When our third daughter was in kindergarten, her friends often would get off the bus with her at noon and have lunch at our house. One spring day when our five-year-old neighbor Grant joined her for his favorite peanut butter sandwich, the two of them asked me to read them a story. The Beginner’s Bible was sitting on the couch, so I began to read them the Easter story.
At one point, Grant jumped up and exclaimed, “I had NO idea Jesus had anything to do with Easter!”
Lent precedes Easter as advent precedes the Nativity, a time of getting ready for what is coming, not just to decorate with bunnies and chocolate eggs, but preparing our hearts. Lent is the fast before the feast. And empowers us to show up differently to the Easter celebration. Not going through religious motions, but moving spiritually toward a deeper understanding of who Jesus is and what He has done.
The question perhaps is not what are you giving up for Lent? But what is God forming in me through this?
Lent is commonly known as a season of abstaining, when indeed it is the opposite. It enriches.
“Christians have always looked to suffering not only as a place of pain, but as a place of meeting God. Suffering does not merely happen to us. It works in us,” states Tish Harrison Warren in her book Prayer In The Night.
What if for Lent we fast or give up, not something we like or dislike, but something that has a strong hold on us? What if for 40 days we gave up anxiety and fear? What if we obeyed God’s most repeated commandment, Fear not. I am with you. Be anxious for nothing. What if I fast from those things?

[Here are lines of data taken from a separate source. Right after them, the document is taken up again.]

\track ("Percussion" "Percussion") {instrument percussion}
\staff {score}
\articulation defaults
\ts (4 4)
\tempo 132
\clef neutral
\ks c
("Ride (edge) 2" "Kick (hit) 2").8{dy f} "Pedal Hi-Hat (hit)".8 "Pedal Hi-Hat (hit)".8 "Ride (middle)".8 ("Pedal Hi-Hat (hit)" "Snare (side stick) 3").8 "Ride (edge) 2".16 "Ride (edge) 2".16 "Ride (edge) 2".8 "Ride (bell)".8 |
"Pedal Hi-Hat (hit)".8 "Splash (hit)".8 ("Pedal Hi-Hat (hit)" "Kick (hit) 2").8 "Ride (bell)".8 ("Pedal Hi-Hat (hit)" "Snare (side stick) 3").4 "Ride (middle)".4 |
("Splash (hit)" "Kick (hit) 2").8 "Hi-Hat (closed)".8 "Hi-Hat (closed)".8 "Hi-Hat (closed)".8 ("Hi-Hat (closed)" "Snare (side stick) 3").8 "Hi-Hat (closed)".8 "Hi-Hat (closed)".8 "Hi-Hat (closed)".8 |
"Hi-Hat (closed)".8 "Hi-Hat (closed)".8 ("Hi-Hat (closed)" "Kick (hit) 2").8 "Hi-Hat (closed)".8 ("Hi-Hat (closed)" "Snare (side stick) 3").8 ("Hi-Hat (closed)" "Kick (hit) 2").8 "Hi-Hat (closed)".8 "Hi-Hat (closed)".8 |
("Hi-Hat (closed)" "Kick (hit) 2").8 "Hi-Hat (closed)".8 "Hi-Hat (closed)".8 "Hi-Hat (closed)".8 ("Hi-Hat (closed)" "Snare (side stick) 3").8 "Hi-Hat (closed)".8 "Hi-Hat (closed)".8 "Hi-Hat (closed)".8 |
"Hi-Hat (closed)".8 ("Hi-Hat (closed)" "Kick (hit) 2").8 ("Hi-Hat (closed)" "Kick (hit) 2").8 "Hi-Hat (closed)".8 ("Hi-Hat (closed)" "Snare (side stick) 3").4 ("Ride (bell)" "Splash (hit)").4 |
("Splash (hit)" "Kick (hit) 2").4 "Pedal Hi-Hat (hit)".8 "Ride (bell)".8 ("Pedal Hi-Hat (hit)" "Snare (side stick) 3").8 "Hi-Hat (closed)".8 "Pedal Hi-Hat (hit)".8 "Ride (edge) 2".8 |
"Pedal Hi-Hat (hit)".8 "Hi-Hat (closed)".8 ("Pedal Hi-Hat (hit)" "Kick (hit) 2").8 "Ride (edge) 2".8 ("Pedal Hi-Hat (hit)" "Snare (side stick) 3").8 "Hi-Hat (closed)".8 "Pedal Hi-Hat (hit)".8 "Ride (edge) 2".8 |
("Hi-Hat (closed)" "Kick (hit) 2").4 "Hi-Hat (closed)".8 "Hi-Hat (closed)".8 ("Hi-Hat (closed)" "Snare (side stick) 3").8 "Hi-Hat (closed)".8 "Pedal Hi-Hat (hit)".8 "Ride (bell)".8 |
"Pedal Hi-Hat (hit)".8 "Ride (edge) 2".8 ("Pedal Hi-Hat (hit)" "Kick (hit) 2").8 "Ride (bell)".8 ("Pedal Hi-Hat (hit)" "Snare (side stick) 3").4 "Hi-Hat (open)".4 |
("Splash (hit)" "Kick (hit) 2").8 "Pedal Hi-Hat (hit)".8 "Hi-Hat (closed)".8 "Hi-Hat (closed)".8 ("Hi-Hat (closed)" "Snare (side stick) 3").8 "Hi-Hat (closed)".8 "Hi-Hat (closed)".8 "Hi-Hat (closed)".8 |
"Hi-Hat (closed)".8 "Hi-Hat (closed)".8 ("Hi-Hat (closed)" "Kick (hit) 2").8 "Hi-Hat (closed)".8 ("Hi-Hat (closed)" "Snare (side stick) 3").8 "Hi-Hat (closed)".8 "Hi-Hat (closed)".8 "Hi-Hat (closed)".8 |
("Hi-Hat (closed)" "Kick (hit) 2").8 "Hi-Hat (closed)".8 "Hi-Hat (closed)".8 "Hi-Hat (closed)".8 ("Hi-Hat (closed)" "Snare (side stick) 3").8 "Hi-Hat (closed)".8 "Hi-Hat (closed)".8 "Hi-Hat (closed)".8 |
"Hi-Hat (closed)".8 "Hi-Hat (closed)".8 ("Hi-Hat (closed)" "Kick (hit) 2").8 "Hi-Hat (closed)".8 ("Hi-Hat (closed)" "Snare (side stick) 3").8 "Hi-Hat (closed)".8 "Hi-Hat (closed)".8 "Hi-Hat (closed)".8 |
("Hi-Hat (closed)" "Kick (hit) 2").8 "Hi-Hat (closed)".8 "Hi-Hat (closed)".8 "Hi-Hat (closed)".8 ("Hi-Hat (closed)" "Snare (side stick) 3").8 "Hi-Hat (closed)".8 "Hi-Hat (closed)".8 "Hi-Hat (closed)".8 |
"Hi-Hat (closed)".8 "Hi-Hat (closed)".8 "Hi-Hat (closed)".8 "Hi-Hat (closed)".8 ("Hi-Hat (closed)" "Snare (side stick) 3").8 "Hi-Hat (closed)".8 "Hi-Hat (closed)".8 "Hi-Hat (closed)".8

Oh, I can come up with a long list of excuses not to. But I need to realize that anxiety and fear are not my friends. They are not welcome here. And they keep me from trusting God.
Ann Voskamp writes in her book The Broken Way, “I don’t know how to smooth out angst or stress or worry, but I know you either leave your worries with God … or your worries will make you leave God.”

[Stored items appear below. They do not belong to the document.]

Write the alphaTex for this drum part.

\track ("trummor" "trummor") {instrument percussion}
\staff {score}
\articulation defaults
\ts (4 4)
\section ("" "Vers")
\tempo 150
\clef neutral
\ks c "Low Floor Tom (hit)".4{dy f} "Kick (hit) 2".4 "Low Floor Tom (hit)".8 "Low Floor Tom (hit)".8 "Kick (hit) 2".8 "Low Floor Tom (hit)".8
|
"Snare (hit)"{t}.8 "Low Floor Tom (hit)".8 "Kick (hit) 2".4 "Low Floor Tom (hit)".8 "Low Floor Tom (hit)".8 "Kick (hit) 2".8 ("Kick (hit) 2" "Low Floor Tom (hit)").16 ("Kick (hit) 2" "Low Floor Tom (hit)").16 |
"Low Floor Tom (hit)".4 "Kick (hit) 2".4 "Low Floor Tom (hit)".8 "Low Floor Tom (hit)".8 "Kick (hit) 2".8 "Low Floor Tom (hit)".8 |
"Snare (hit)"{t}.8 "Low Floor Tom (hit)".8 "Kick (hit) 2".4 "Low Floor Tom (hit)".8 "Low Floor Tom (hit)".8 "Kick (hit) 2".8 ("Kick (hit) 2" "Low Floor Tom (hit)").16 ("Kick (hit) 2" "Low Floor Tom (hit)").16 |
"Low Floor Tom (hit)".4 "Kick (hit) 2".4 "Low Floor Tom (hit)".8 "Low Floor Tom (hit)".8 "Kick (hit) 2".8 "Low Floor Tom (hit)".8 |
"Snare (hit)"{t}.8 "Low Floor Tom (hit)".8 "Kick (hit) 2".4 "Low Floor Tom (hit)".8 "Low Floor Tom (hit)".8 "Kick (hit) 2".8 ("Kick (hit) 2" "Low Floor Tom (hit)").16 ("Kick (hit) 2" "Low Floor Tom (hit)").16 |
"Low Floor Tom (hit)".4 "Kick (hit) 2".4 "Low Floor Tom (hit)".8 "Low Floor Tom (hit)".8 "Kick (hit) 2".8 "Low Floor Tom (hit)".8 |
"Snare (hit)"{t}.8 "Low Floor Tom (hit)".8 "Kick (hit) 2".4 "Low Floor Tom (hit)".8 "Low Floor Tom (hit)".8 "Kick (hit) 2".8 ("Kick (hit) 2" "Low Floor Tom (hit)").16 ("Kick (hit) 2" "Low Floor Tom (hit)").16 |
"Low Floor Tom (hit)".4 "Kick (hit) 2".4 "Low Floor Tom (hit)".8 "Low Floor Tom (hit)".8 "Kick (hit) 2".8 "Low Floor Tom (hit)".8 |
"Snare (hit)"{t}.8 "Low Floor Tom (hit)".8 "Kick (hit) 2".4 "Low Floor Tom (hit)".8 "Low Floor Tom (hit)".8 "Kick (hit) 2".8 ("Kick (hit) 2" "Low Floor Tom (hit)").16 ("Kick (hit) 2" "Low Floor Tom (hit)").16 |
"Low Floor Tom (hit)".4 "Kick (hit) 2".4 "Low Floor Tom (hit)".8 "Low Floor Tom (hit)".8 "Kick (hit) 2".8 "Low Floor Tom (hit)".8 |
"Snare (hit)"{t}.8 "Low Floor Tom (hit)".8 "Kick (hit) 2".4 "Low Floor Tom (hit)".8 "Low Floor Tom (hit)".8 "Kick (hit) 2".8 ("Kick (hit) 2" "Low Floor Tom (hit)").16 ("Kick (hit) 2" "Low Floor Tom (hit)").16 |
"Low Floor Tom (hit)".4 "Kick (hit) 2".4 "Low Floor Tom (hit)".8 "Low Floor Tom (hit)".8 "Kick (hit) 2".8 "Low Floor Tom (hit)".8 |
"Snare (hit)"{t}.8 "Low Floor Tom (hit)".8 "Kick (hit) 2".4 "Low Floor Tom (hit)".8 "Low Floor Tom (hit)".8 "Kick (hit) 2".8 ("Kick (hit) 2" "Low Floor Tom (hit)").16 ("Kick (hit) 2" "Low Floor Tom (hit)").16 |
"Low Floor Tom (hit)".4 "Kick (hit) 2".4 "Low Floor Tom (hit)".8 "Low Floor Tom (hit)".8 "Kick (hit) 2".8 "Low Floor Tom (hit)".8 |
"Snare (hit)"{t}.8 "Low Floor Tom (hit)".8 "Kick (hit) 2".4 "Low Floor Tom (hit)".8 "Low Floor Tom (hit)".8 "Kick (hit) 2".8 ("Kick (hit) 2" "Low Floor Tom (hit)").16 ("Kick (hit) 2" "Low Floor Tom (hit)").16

But if I decide to refrain/give up/relinquish anxiety and fear for Lent, what do I replace it with? That dynamic duo is firmly lodged in my practices and won’t easily let go.
I know, because Ash Wednesday night – the beginning of Lent --, I didn’t sleep well at all. I woke up in the middle of the night and whoa! Name the fear or anxiety as they opened the door for a wild party and invited the whole gang. It was a raucous family reunion.
But if anxiety and fear are surgically removed with great intention on our part, the vacuum it creates, the gaping space as it leaves, just invites in more of their cousins. If we do not choose to trust God in our circumstances, other little-g gods gladly rush in to take God’s rightful place.
Lent is the perfect opportunity to change our defaults. God enters in. And helps us to not just think with another perspective, but be changed by it.
Is it anxiety – or just urgency to pray? If I didn’t worry, would I pray as much? Or would I pray differently?
What have we attached ourselves to instead of trusting God? He whispers to us another way through our difficulties and concerns, “Try this instead.”
And as the fog gradually lifts, we can discern perhaps the first vestiges of healing and the 2 x 4’s of restoration beginning to be revealed.
If we ignore the season of Lent, does Easter just become another weekend or an excuse to get together for a meal with friends and family and eat chocolate? Worship is often just a side dish, if time for it at all.
In the church liturgical calendar, Lent lies outside “ordinary time.” We come before Him at Lent not that God would remember us, see us, listen to us, or that we would somehow pay for or make up for our sin, but that we would remember Him, see Him in the ordinary and extraordinary, respond to Him, and believe in Him beyond a reasonable doubt. In our pain, we cry out, “O God, do something supernatural.” And God replies, “I am!”
In Lent, we are not giving up anything, but giving and receiving. It is a kind of worship that changes us. We are not paying for our sin in preparation for Easter. Jesus already did that. But we remember His sacrifice for us. Because without Good Friday, there is no Easter.
We drag our sins to the altar, and realize Jesus is already there. That is why He came. Lent helps us remember that, like climbing a steep hill and discovering that we can see into eternity as a result. The hardship we did not expect turns into a surprising blessing we would never turn away.
What does Lent make possible? If we don’t try, we will never know.